::: Data :::
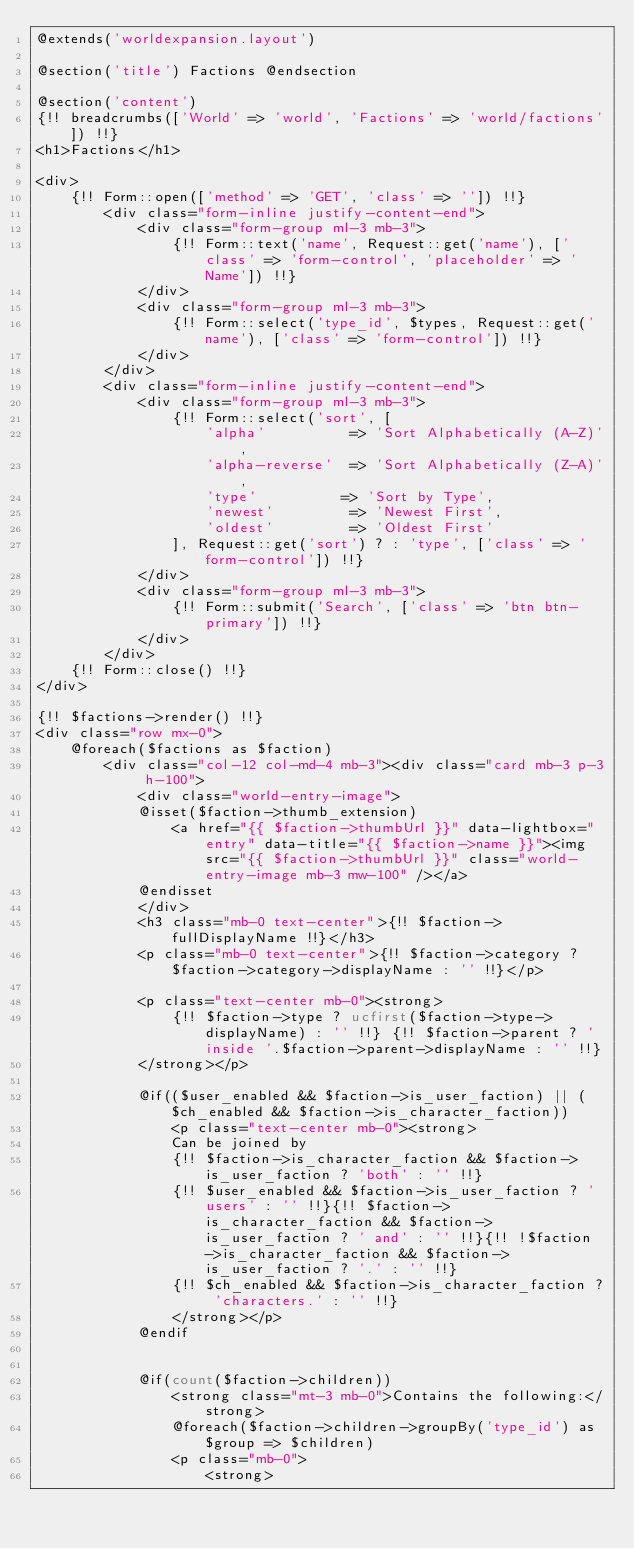Convert code to text. <code><loc_0><loc_0><loc_500><loc_500><_PHP_>@extends('worldexpansion.layout')

@section('title') Factions @endsection

@section('content')
{!! breadcrumbs(['World' => 'world', 'Factions' => 'world/factions']) !!}
<h1>Factions</h1>

<div>
    {!! Form::open(['method' => 'GET', 'class' => '']) !!}
        <div class="form-inline justify-content-end">
            <div class="form-group ml-3 mb-3">
                {!! Form::text('name', Request::get('name'), ['class' => 'form-control', 'placeholder' => 'Name']) !!}
            </div>
            <div class="form-group ml-3 mb-3">
                {!! Form::select('type_id', $types, Request::get('name'), ['class' => 'form-control']) !!}
            </div>
        </div>
        <div class="form-inline justify-content-end">
            <div class="form-group ml-3 mb-3">
                {!! Form::select('sort', [
                    'alpha'          => 'Sort Alphabetically (A-Z)',
                    'alpha-reverse'  => 'Sort Alphabetically (Z-A)',
                    'type'          => 'Sort by Type',
                    'newest'         => 'Newest First',
                    'oldest'         => 'Oldest First'
                ], Request::get('sort') ? : 'type', ['class' => 'form-control']) !!}
            </div>
            <div class="form-group ml-3 mb-3">
                {!! Form::submit('Search', ['class' => 'btn btn-primary']) !!}
            </div>
        </div>
    {!! Form::close() !!}
</div>

{!! $factions->render() !!}
<div class="row mx-0">
    @foreach($factions as $faction)
        <div class="col-12 col-md-4 mb-3"><div class="card mb-3 p-3 h-100">
            <div class="world-entry-image">
            @isset($faction->thumb_extension)
                <a href="{{ $faction->thumbUrl }}" data-lightbox="entry" data-title="{{ $faction->name }}"><img src="{{ $faction->thumbUrl }}" class="world-entry-image mb-3 mw-100" /></a>
            @endisset
            </div>
            <h3 class="mb-0 text-center">{!! $faction->fullDisplayName !!}</h3>
            <p class="mb-0 text-center">{!! $faction->category ? $faction->category->displayName : '' !!}</p>

            <p class="text-center mb-0"><strong>
                {!! $faction->type ? ucfirst($faction->type->displayName) : '' !!} {!! $faction->parent ? 'inside '.$faction->parent->displayName : '' !!}
            </strong></p>

            @if(($user_enabled && $faction->is_user_faction) || ($ch_enabled && $faction->is_character_faction))
                <p class="text-center mb-0"><strong>
                Can be joined by
                {!! $faction->is_character_faction && $faction->is_user_faction ? 'both' : '' !!}
                {!! $user_enabled && $faction->is_user_faction ? 'users' : '' !!}{!! $faction->is_character_faction && $faction->is_user_faction ? ' and' : '' !!}{!! !$faction->is_character_faction && $faction->is_user_faction ? '.' : '' !!}
                {!! $ch_enabled && $faction->is_character_faction ? 'characters.' : '' !!}
                </strong></p>
            @endif


            @if(count($faction->children))
                <strong class="mt-3 mb-0">Contains the following:</strong>
                @foreach($faction->children->groupBy('type_id') as $group => $children)
                <p class="mb-0">
                    <strong></code> 
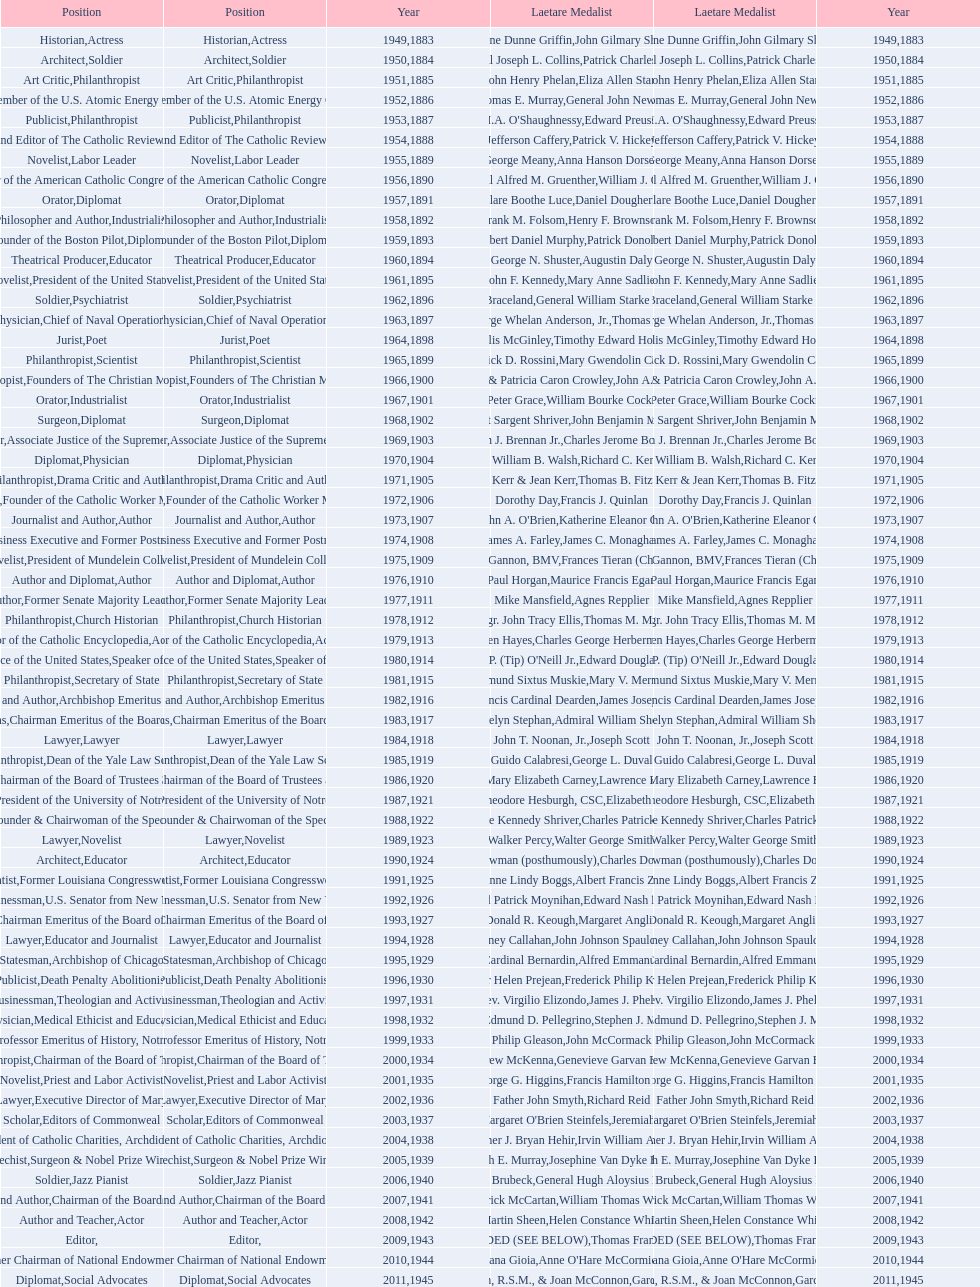How many are or were journalists? 5. 
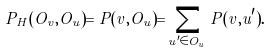Convert formula to latex. <formula><loc_0><loc_0><loc_500><loc_500>P _ { H } ( O _ { v } , O _ { u } ) = P ( v , O _ { u } ) = \sum _ { u ^ { \prime } \in O _ { u } } P ( v , u ^ { \prime } ) .</formula> 
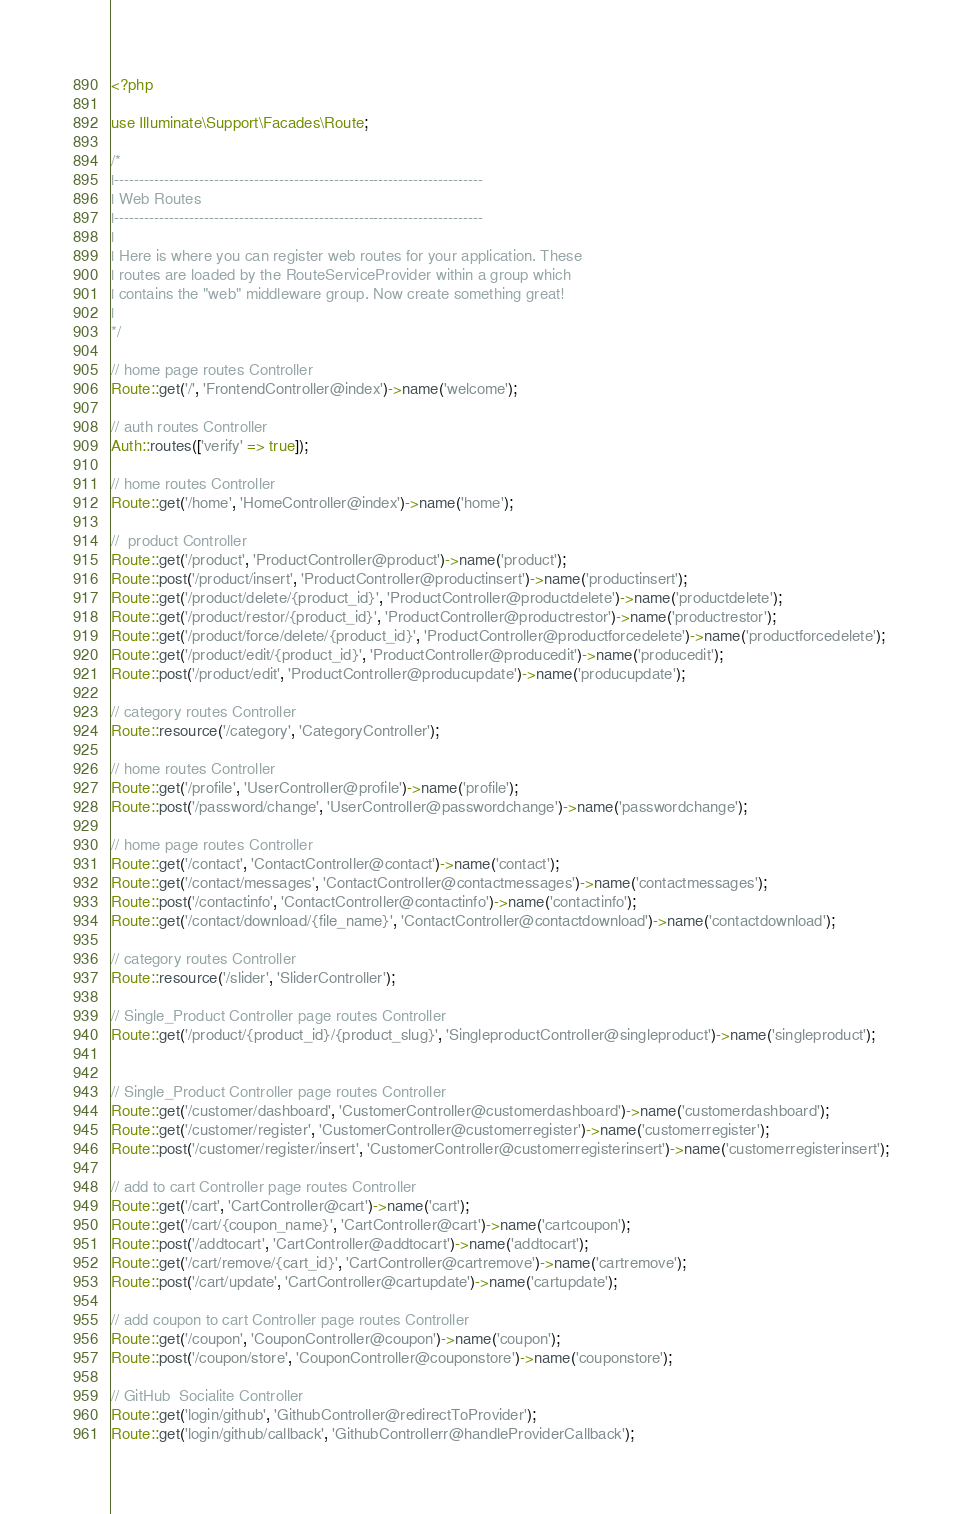Convert code to text. <code><loc_0><loc_0><loc_500><loc_500><_PHP_><?php

use Illuminate\Support\Facades\Route;

/*
|--------------------------------------------------------------------------
| Web Routes
|--------------------------------------------------------------------------
|
| Here is where you can register web routes for your application. These
| routes are loaded by the RouteServiceProvider within a group which
| contains the "web" middleware group. Now create something great!
|
*/

// home page routes Controller
Route::get('/', 'FrontendController@index')->name('welcome');

// auth routes Controller
Auth::routes(['verify' => true]);

// home routes Controller
Route::get('/home', 'HomeController@index')->name('home');

//  product Controller
Route::get('/product', 'ProductController@product')->name('product');
Route::post('/product/insert', 'ProductController@productinsert')->name('productinsert');
Route::get('/product/delete/{product_id}', 'ProductController@productdelete')->name('productdelete');
Route::get('/product/restor/{product_id}', 'ProductController@productrestor')->name('productrestor');
Route::get('/product/force/delete/{product_id}', 'ProductController@productforcedelete')->name('productforcedelete');
Route::get('/product/edit/{product_id}', 'ProductController@producedit')->name('producedit');
Route::post('/product/edit', 'ProductController@producupdate')->name('producupdate');

// category routes Controller
Route::resource('/category', 'CategoryController');

// home routes Controller
Route::get('/profile', 'UserController@profile')->name('profile');
Route::post('/password/change', 'UserController@passwordchange')->name('passwordchange');

// home page routes Controller
Route::get('/contact', 'ContactController@contact')->name('contact');
Route::get('/contact/messages', 'ContactController@contactmessages')->name('contactmessages');
Route::post('/contactinfo', 'ContactController@contactinfo')->name('contactinfo');
Route::get('/contact/download/{file_name}', 'ContactController@contactdownload')->name('contactdownload');

// category routes Controller
Route::resource('/slider', 'SliderController');

// Single_Product Controller page routes Controller
Route::get('/product/{product_id}/{product_slug}', 'SingleproductController@singleproduct')->name('singleproduct');


// Single_Product Controller page routes Controller
Route::get('/customer/dashboard', 'CustomerController@customerdashboard')->name('customerdashboard');
Route::get('/customer/register', 'CustomerController@customerregister')->name('customerregister');
Route::post('/customer/register/insert', 'CustomerController@customerregisterinsert')->name('customerregisterinsert');

// add to cart Controller page routes Controller
Route::get('/cart', 'CartController@cart')->name('cart');
Route::get('/cart/{coupon_name}', 'CartController@cart')->name('cartcoupon');
Route::post('/addtocart', 'CartController@addtocart')->name('addtocart');
Route::get('/cart/remove/{cart_id}', 'CartController@cartremove')->name('cartremove');
Route::post('/cart/update', 'CartController@cartupdate')->name('cartupdate');

// add coupon to cart Controller page routes Controller
Route::get('/coupon', 'CouponController@coupon')->name('coupon');
Route::post('/coupon/store', 'CouponController@couponstore')->name('couponstore');

// GitHub  Socialite Controller
Route::get('login/github', 'GithubController@redirectToProvider');
Route::get('login/github/callback', 'GithubControllerr@handleProviderCallback');
</code> 
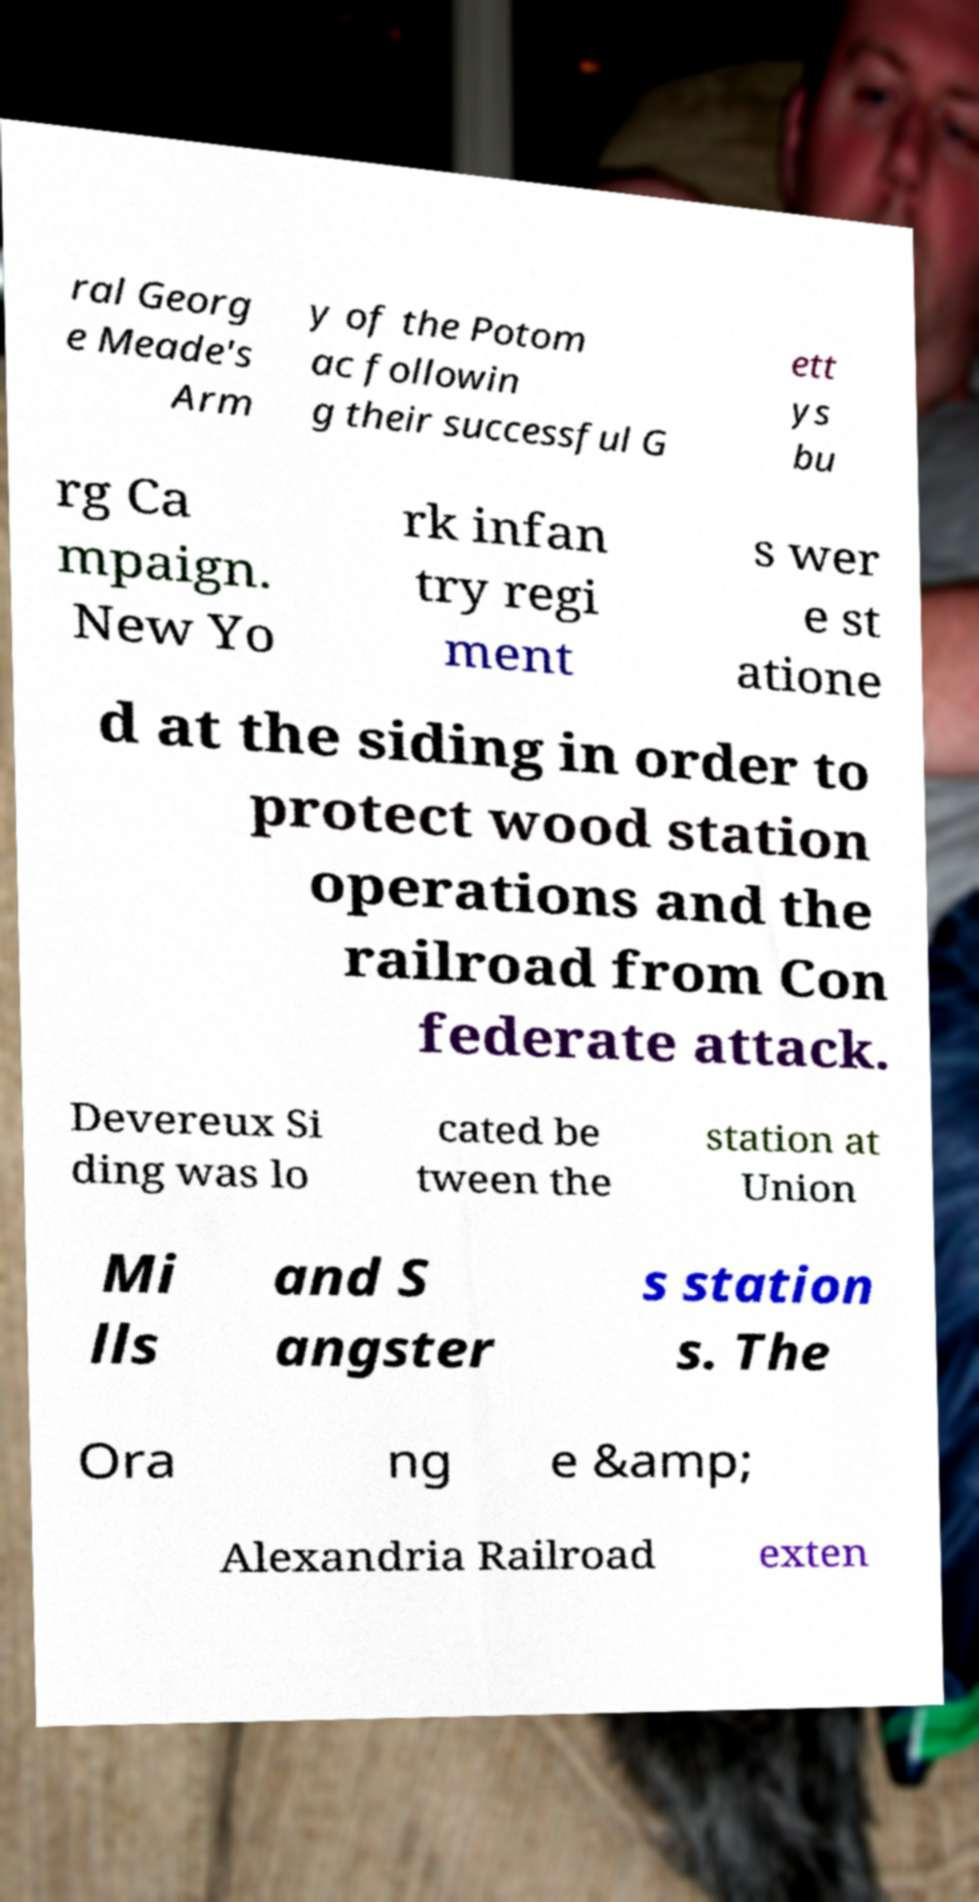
:::
**Problem statement:** Each line of the records above that contains the word "select" should be counted; give the resulting number without further words.

**Final answer:** 2